Tuesday, March 07, 2006
Title:Reeker
Cast: Devon Gummersall, Tina Payne, Derek Richardson, Tina Illman, Scott Whyte, Arielle Kebbel, Michael Ironside
Director: Dave Payne
"I spy with my little eye something beginning with F"
"F? I give up."
"Dad's fart!"
More or less that is the dialogue that opens this American horror film Reeker, the third of five shown in the FrightNight series at the Glasgow Film Festival. After starting with a fart joke, and calling the film Reeker, and then having a horrifying incident where a family appear to be brutalized by a bad smell, the end notes have the cheek to suggest that people avoid saying that this film stinks. Well, I guess after the film already belaboured the point it would be the height of lazyness, though when has that ever stopped anyone?
After the stereotypical opening scene of the horror film where something bad happens to disposable characters just to establish that bad things will happen, we gather a group of students who are car sharing as they travel into the desert to go to the biggest rave of the year. Half way there, the group stop at a motel, the place has been abandoned in a Mary Celeste fashion. The group find this to be creepy, but with the lack of petrol, and half heard radio reports suggesting that thier has been some kind of toxic incident they are offered little choice. As one would expect the group are picked off one by one, a bad smell accompanying each death. There is an undertone of something truly sinister going on here, flashes of figures, blood stained motel rooms, all building towards revelation.

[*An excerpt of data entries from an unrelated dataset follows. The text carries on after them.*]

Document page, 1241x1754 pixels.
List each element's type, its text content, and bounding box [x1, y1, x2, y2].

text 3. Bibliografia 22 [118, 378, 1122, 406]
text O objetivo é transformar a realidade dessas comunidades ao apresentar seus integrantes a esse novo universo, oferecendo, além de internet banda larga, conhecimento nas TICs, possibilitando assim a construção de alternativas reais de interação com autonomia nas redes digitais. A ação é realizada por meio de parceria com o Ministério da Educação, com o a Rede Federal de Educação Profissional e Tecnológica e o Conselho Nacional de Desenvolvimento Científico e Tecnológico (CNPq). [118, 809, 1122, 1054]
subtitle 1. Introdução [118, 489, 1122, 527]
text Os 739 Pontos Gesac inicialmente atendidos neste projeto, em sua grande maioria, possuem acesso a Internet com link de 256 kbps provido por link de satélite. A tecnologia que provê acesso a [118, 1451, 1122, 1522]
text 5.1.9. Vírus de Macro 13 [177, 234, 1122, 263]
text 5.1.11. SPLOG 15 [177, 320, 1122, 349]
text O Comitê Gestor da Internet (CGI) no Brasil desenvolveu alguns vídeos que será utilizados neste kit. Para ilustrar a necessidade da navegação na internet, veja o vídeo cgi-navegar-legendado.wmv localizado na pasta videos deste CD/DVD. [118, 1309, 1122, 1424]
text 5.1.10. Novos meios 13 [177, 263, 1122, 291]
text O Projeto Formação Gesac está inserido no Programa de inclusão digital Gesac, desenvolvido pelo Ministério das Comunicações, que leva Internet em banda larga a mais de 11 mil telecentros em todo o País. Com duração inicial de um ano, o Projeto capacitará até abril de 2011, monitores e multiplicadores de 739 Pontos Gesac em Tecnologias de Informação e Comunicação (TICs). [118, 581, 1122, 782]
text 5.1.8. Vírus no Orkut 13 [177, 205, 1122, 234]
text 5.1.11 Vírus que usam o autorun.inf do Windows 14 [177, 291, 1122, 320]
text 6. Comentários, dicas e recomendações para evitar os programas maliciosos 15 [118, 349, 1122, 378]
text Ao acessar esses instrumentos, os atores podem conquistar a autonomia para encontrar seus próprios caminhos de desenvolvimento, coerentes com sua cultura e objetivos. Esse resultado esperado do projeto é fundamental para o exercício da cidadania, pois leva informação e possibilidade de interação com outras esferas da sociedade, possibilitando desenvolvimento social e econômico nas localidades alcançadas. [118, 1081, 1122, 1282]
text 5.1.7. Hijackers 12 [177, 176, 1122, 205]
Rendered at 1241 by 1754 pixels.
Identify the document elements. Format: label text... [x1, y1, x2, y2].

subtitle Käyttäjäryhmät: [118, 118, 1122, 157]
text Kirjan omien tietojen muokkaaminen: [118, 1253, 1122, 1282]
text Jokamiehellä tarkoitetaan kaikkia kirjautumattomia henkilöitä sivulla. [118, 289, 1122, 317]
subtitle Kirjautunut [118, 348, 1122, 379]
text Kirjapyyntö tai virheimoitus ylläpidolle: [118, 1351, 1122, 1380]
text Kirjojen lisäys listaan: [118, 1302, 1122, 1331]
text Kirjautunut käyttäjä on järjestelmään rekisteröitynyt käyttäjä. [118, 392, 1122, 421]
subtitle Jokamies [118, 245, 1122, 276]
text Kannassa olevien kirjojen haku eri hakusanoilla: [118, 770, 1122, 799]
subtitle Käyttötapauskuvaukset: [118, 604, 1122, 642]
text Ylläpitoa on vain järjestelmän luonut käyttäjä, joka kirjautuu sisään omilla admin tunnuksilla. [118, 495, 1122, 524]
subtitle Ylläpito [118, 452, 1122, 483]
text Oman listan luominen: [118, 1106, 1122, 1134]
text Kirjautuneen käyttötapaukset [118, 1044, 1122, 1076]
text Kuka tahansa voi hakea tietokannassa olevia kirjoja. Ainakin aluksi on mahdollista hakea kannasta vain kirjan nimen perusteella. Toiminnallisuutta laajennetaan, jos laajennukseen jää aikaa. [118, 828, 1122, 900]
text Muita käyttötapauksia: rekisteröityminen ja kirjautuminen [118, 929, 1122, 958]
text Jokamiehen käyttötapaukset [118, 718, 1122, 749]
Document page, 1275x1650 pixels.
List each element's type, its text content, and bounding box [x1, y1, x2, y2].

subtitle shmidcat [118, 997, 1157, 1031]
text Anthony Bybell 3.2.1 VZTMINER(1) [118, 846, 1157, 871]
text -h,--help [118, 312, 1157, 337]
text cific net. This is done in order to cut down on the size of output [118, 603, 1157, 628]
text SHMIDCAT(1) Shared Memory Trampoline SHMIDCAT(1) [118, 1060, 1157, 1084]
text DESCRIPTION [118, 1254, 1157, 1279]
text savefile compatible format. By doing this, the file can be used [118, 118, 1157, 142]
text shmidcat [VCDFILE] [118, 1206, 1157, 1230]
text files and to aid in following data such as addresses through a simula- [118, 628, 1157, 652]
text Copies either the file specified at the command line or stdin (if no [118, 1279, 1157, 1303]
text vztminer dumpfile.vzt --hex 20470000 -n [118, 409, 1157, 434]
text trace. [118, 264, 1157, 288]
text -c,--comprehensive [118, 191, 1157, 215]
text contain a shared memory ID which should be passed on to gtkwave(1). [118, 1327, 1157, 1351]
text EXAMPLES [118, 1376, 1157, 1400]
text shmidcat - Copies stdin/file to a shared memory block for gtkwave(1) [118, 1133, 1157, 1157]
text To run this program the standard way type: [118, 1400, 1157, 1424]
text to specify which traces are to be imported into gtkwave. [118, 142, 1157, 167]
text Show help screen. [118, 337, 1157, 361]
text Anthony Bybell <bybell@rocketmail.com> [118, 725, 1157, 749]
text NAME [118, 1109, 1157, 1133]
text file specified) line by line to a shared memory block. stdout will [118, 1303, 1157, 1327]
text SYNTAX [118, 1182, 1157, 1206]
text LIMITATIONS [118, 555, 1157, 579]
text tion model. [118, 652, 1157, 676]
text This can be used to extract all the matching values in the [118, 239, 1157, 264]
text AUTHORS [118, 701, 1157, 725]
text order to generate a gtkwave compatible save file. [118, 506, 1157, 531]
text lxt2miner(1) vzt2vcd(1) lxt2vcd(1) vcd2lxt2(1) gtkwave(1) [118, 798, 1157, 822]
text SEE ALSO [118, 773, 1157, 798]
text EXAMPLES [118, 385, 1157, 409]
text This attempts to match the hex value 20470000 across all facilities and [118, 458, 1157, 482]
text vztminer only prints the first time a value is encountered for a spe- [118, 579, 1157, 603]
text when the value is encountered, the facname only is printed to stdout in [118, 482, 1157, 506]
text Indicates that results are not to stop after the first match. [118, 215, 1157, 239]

The Reeker comes out as this flitting, sinister figure. The thing behind the smell. At the climax we are offered a twist, some attempt to make this more than run of the mill. Unfortunately, that twist is pretty much an ending I have seen to some degree in at least 4 other films (the listing of which would of course be a give away). For the most part this is a gorey low budget horror film, delighting in its tackyness. The real reason we watch something like Reeker though is that it knows what it is, and incoporates a definite humour into the process. The humour being what makes it worth watching, with a UK release pencilled in for the summer of this year.